Siamo onesti, siamo umani

Riprendo questo blog perché sento l’urgenza di fare una riflessione di fine anno, ma sarebbe troppo lunga e articolata da pubblicare su Instagram o su Facebook, men che meno su Threads. La metto qui, sperando che venga in qualche modo letta e metabolizzata da chi passa da queste parti (l’argomento riguarda non solo i musicisti, ma tutti quelli che oggi usano i social per interagire con le altre persone).

L’ho già detto su Instagram, dove parlo spesso e forse anche troppo: sui social personali non sopporto più le foto fatte con l’intelligenza artificiale e i testi scritti con chatGPT.

È un po’ come quando sento una linea di basso così perfetta da sembrare innaturale (nel 99,99% dei casi è corretta con qualche software): non mi dice niente, anzi devo dire che mi dà fastidio.
Andate a sentire una delle linee di basso isolate di James Jamerson, come quella di Ain’t No Mountain High Enough: 

… l’avete sentita? Siete stupiti, vero? Non è perfetta! Eppure, se risentite la stessa bass line all’interno del brano originale, vi renderete conto che va bene così, che se fosse stata quantizzata da un software come Logic sarebbe stata assolutamente inadeguata.
Così invece è meravigliosa, perché è umana e onesta: parla al cuore.

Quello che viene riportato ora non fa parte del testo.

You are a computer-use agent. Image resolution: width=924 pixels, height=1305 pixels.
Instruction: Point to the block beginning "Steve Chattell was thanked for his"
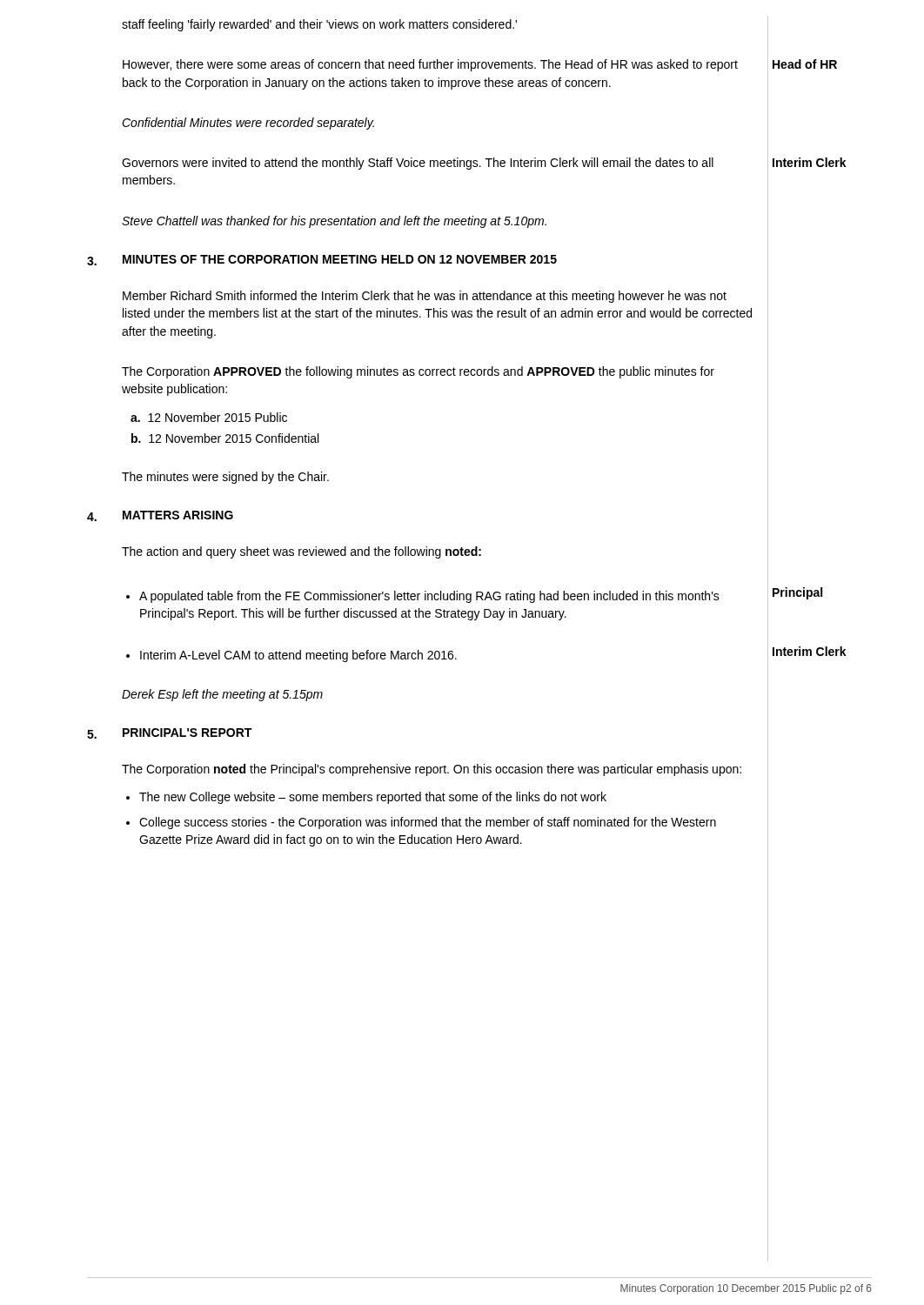(479, 226)

Nei miei video, in tutti quelli che ho pubblicato finora e che pubblicherò in futuro, la linea di basso non è ritoccata con Logic o altri software, e si sente.
E va bene così, perché il mio obiettivo è mostrare esattamente come suono live, è far sentire il mio suono e il mio tocco.
Non m’interessa fare gare o mostrare perfezioni che non ho.
M’interessa fare esattamente quello che fa la linea di basso di James Jamerson: parlare al cuore delle persone. Onestamente.
E questo dovrebbe essere l’obiettivo di tutti noi.
Non solo con una linea di basso, ma anche con parole o immagini. 

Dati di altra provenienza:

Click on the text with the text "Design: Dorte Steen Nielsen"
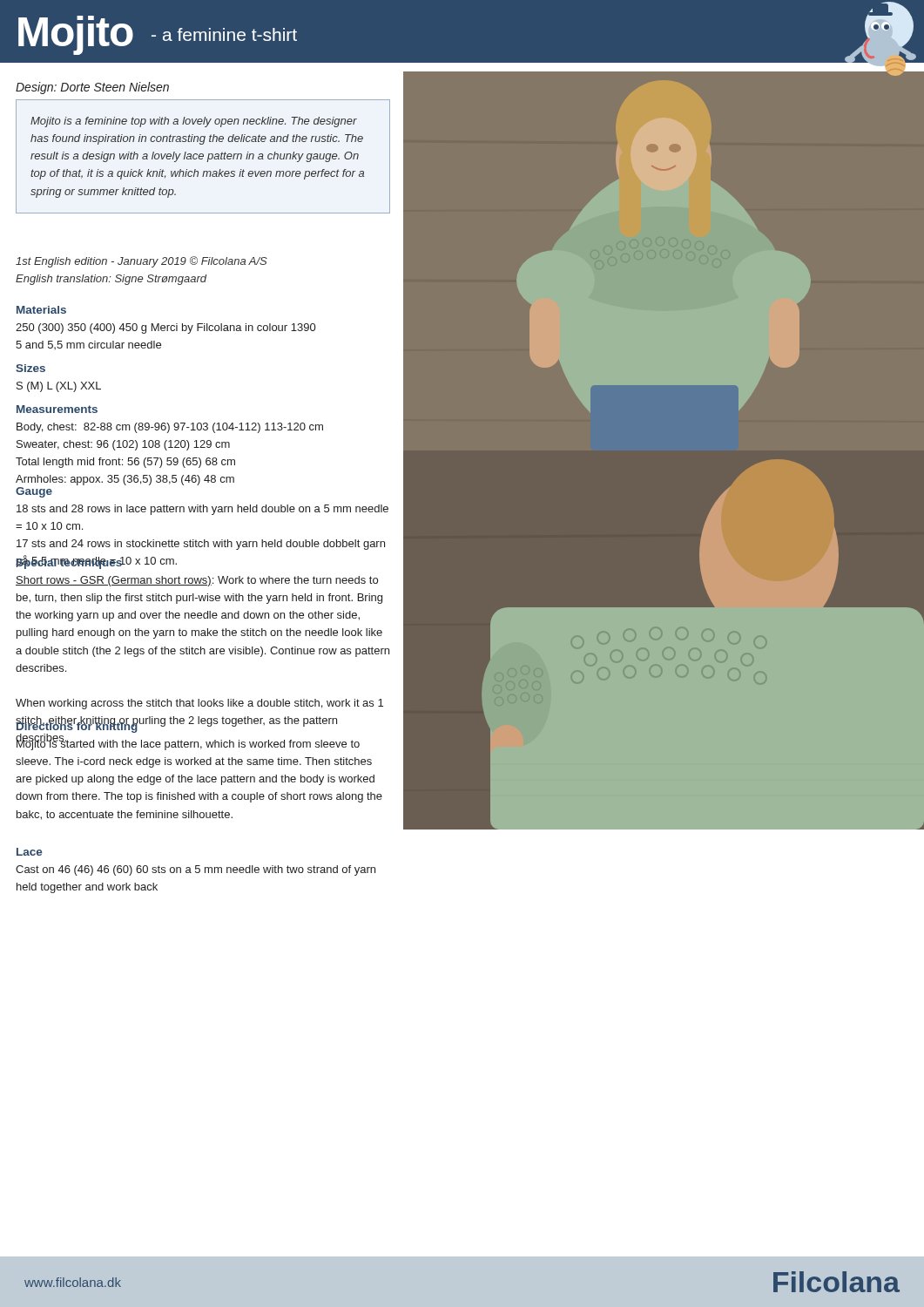This screenshot has height=1307, width=924. 92,88

È per questo stesso motivo che trovo davvero triste e disonesto usare chatGPT (che è un potente strumento di lavoro) per scrivere parole d’amore alla persona che amiamo, o anche solo per scrivere un post personale sui nostri social (sì, intendo anche su whatsapp: c’è chi lo fa).
D’accordo: è più facile e veloce, lo sanno tutti.
Ma è la cosa migliore da fare?
È come se stessimo facendo interagire il nostro amante o i nostri amici con un software anziché col nostro cervello: assurdo! Come se non fossimo in grado di articolare due parole, come se fosse più importante avere un testo scritto perfettamente in meno di un secondo anziché impegnarci e consegnare alle persone con le quali vogliamo interagire un testo pensato e scritto da noi.

Parlo di testi personali scritti con chatGPT, ma parlo anche di foto personali realizzate con l’intelligenza artificiale: dov’è finita la bellezza della diversità? Lo splendore dell’unicità, nei nostri punti di forza ma anche nei nostri difetti? Anche qui, vogliamo mostrarci per come siamo realmente oppure preferiamo mostrare immagini di qualcuno che non siamo noi, perché hanno fattezze perfette o sono in situazioni che non ci appartengono?

Sarò fatta all’antica, ma trovo questo ricorso all’intelligenza artificiale profondamente disonesto se usato in un contesto di comunicazione personale.

L’augurio che voglio fare a tutti noi per il nuovo anno è di non avere paura di mostrarci per quello che siamo realmente, nei nostri pregi e nei nostri difetti.
Meglio una frase scritta male, ma scritta da un essere umano (con tutto quello che ci sta dietro: pensieri, emozioni, vissuto), che una frase perfetta scritta da qualcosa che di umano non ha nulla.

Nella foto qui sotto, scattata col mio cellulare due giorni fa, ci sono io con i miei capelli un po’ arruffati, lo specchio che ho preso qualche anno fa a un Black Friday perché aveva uno sconto pazzesco, insieme a tanti piccoli particolari che descrivono onestamente me e la mia vita.
Di perfetto non c’è niente, ed è questo il bello che nessuna intelligenza artificiale potrà mai ricreare.

Non credo ci sia bisogno di specificare che questo testo, come tutto quello che scrivo anche in altri contesti (nella vita non faccio solo la musicista, anche se non lo dico spesso), non è fatto con chatGPT.